A haze of boxes, tea in plastic mugs, dust bunnies. Suddenly, even the most mundane details of our life in England have taken on a sentimental final sheen. The last time I will turn on the lawn sprinkler, chase the ice-cream van in the park with Stella, discuss the weather with the blue-haired lady three doors down. More personally, my beloved friends – people I have prayed with, had coffee with, arranged playdates for our children with.
Change is terrifying for most of us. Even the most wanderlustful people in the world must find comfort in familiarity.
So when our bed is dismantled, when I say goodbye to my apple trees knowing this year I won’t be picking Egremont Russets, the panic hits me. What the hell am I DOING? Who, at the age of 46, wants to give up hard-earned friendships to start afresh in a different language with no friends?
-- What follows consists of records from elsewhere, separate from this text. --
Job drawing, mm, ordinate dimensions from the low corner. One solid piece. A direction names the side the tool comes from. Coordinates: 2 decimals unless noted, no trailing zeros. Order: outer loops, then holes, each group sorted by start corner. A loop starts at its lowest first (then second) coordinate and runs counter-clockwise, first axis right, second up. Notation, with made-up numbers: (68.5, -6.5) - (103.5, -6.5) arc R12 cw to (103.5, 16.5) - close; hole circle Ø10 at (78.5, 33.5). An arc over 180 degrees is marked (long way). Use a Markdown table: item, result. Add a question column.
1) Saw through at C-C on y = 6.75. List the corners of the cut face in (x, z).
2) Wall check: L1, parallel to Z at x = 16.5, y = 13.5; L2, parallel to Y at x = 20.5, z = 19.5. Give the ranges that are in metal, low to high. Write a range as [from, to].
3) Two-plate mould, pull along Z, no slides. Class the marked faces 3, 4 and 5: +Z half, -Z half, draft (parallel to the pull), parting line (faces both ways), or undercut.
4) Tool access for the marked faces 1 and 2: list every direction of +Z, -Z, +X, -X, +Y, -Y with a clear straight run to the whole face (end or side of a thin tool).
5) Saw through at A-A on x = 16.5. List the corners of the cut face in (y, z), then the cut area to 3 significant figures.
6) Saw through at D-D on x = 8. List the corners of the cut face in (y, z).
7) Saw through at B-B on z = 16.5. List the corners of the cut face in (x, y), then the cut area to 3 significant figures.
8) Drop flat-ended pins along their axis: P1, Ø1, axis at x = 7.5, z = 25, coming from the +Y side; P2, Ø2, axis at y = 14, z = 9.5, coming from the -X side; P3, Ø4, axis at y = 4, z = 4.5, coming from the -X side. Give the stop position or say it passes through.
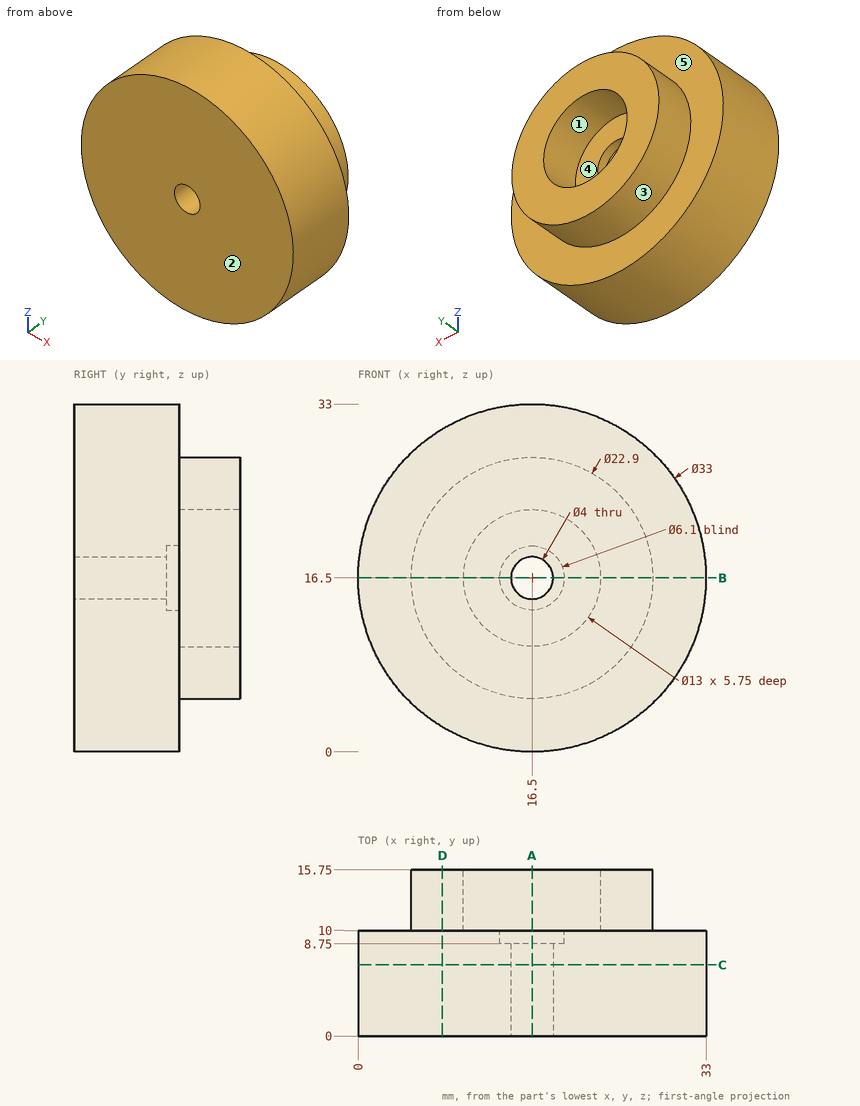
Results are:
| question | item | result |
|---|---|---|
| 1 | outline | circle Ø33 at (16.5, 16.5); hole circle Ø4 at (16.5, 16.5) |
| 2 | L1 | [5.05, 10], [23, 27.95] |
| 2 | L2 | [0, 10] |
| 3 | face 3 | parting line |
| 3 | face 4 | undercut |
| 3 | face 5 | draft |
| 4 | face 1 | +Y |
| 4 | face 2 | +Z, -Z, +X, -X, -Y |
| 5 | outline | (0, 0) - (10, 0) - (10, 5.05) - (15.75, 5.05) - (15.75, 10) - (10, 10) - (10, 13.45) - (8.75, 13.45) - (8.75, 14.5) - (0, 14.5) - close; (0, 18.5) - (8.75, 18.5) - (8.75, 19.55) - (10, 19.55) - (10, 23) - (15.75, 23) - (15.75, 27.95) - (10, 27.95) - (10, 33) - (0, 33) - close |
| 5 | area | 344 mm2 |
| 6 | outline | (0, 2.36) - (10, 2.36) - (10, 8.83) - (15.75, 8.83) - (15.75, 24.17) - (10, 24.17) - (10, 30.64) - (0, 30.64) - close |
| 7 | outline | (0, 0) - (14.5, 0) - (14.5, 8.75) - (13.45, 8.75) - (13.45, 10) - (10, 10) - (10, 15.75) - (5.05, 15.75) - (5.05, 10) - (0, 10) - close; (18.5, 0) - (33, 0) - (33, 10) - (27.95, 10) - (27.95, 15.75) - (23, 15.75) - (23, 10) - (19.55, 10) - (19.55, 8.75) - (18.5, 8.75) - close |
| 7 | area | 344 mm2 |
| 8 | P1 | y = 10 |
| 8 | P2 | x = 6.75 |
| 8 | P3 | x = 3.38 |

And friends aside, I’ve fought damned hard to make a home in this country. The Engineer and I lobbied Parliament along with a handful of couples in the 90s to change same-sex immigration law, and we won. I got the right to remain in my beloved England as The Engineer’s partner. When civil partnerships were introduced, we got married in 2006. When same-sex couples were allowed to adopt, The Engineer made Stella her legal daughter. And we were the first couple in the 800-year history of our parish church to have our relationship blessed, back in 1996.
Needless to say, none of this would have happened had I stayed in Singapore, the country where I spent the first 19 years of my life.
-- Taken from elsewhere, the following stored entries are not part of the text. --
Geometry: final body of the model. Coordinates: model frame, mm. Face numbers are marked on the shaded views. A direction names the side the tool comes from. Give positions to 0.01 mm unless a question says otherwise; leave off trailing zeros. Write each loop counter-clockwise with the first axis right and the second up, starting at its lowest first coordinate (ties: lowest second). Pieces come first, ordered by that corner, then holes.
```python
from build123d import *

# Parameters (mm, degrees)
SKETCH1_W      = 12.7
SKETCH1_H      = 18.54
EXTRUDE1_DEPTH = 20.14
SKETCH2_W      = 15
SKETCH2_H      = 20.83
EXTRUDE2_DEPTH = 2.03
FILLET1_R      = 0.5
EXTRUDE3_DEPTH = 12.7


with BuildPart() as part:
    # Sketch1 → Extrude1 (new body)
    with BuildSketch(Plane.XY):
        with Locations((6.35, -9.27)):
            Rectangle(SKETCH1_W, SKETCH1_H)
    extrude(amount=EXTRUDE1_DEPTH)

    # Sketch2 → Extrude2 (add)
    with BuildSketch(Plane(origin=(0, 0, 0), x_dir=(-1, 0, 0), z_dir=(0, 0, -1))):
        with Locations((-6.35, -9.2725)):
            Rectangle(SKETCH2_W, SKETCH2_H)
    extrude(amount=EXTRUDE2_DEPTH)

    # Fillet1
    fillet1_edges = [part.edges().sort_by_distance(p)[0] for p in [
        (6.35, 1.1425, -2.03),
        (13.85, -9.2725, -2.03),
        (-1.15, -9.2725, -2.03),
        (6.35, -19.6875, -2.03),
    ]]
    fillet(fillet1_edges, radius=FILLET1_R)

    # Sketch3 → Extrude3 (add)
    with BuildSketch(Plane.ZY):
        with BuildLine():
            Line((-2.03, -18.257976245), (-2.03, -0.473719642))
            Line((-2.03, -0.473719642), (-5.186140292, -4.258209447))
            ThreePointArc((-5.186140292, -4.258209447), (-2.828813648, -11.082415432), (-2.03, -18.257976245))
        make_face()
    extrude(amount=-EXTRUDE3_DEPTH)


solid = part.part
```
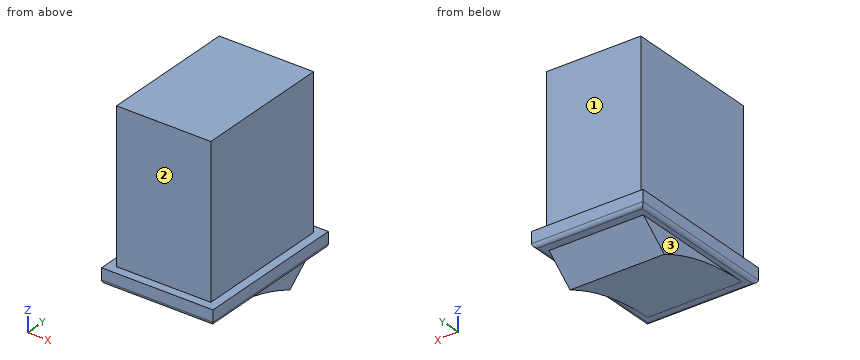
Item 1: Section C-C, the plane z = 16.5. Return the cut outline in (x, y).
Found:
outline: (0, -18.54) - (12.7, -18.54) - (12.7, 0) - (0, 0) - close
Item 2: Pin query (flat end, axial travel): pin 1 Ø3.5 at (y, z) = (-12.5, -4) entering from +X; pin 2 Ø4 at (y, z) = (-2.5, 11) entering from -X; pin 3 Ø2 at (x, z) = (9, 5) entering from +Y. Return the tip coordinate at first contact, or that it passes through.
Found:
pin 1: stops at x = 12.7
pin 2: stops at x = 0
pin 3: stops at y = 0
Item 3: Reachability of the marked faces 1, 2 and 3 from +Z, -Z, +X, -X, +Y, -Y: full face, straight path, thin tool, end or side. Return the list, or none.
Found:
face 1: +Z, +X, -X, +Y
face 2: +Z, +X, -X, -Y
face 3: -Z, -X, +Y, -Y
Item 4: Section D-D, the plane y = -11.75. Return the cut outline in (x, z).
Found:
outline: (-1.15, -1.53) arc R0.5 ccw to (-0.65, -2.03) - (0, -2.03) - (0, -2.69) - (12.7, -2.69) - (12.7, -2.03) - (13.35, -2.03) arc R0.5 ccw to (13.85, -1.53) - (13.85, 0) - (12.7, 0) - (12.7, 20.14) - (0, 20.14) - (0, 0) - (-1.15, 0) - close
Item 5: Section A-A, the plane x = 12. Return the cut outline in (y, z), plus the area to 3 significant figures.
Found:
outline: (-19.69, -1.53) arc R0.5 ccw to (-19.19, -2.03) - (-18.26, -2.03) arc R32.63 cw to (-4.26, -5.19) - (-0.47, -2.03) - (0.64, -2.03) arc R0.5 ccw to (1.14, -1.53) - (1.14, 0) - (0, 0) - (0, 20.14) - (-18.54, 20.14) - (-18.54, 0) - (-19.69, 0) - close
area: 436 mm2
Item 6: Section B-B, the plane y = -1.25. Return the cut outline in (x, z).
Found:
outline: (-1.15, -1.53) arc R0.5 ccw to (-0.65, -2.03) - (0, -2.03) - (0, -2.68) - (12.7, -2.68) - (12.7, -2.03) - (13.35, -2.03) arc R0.5 ccw to (13.85, -1.53) - (13.85, 0) - (12.7, 0) - (12.7, 20.14) - (0, 20.14) - (0, 0) - (-1.15, 0) - close
Item 7: Line query: L1, parallel to Y at x = 11, z = 9.75; L2, parallel to X at y = -13.5, z = 9.5; L3, parallel to Z at x = 13, y = -7.5. Output: solid intervals per line, ascending.
Found:
L1: y = -18.54 to 0
L2: x = 0 to 12.7
L3: z = -2.03 to 0

I said goodbye to my car today; it was hard. I passed my driving test at the age of 44 and bought my first car — a rite of passage most people enjoy at in their 20s. It’s a VW Polo in a virulent green the manufacturers like to call Pistachio. It turns heads for all the wrong reasons, but my little Polo and I have accomplished great things, the noblest of which has been regularly getting Stella to school 15 seconds before the bell rings.
In moments like these, I call my mother in Chicago. She wears two hearing aids and officially has only 3 per cent hearing left but she always knows. The Engineer, Stella and I hold hands and put the phone on speaker. She prays for peace in our family and for a new house full of joy, open to everyone. She prays for new friendships and old friendships.
The M25 is backed up all the way to Junction Five. A van ploughed into two cars in a pile-up and emergency services had to cut passengers out of the smashed vehicles. We are late for our ferry and an hour early for the next one. The Engineer insists on getting dinner at a petrol station but I balk. Pre-packaged sandwiches just seem like a flabby end to a miserable day.
The Engineer returns. “I got ham for Stella and coronary chicken for you”.
Let it be said that English is one of The Engineer’s four languages, all of which she speaks resourcefully and fearlessly. When tired or stressed, rather than hesitate, she will lunge for the nearest word. For example, when a temporary doctor – a locum – attended to her at our GP’s office, she asked him if he was a locust. I know doctors’ fees can be a plague, but really.
In the end, I am glad of the coronation chicken because everything on the boat is shut. Knackered, we stop for a two-hour nap at a motorway parking lot and get home at 5:45 a.m. The movers are arriving at 10. I don’t know of a better reason for a coronary.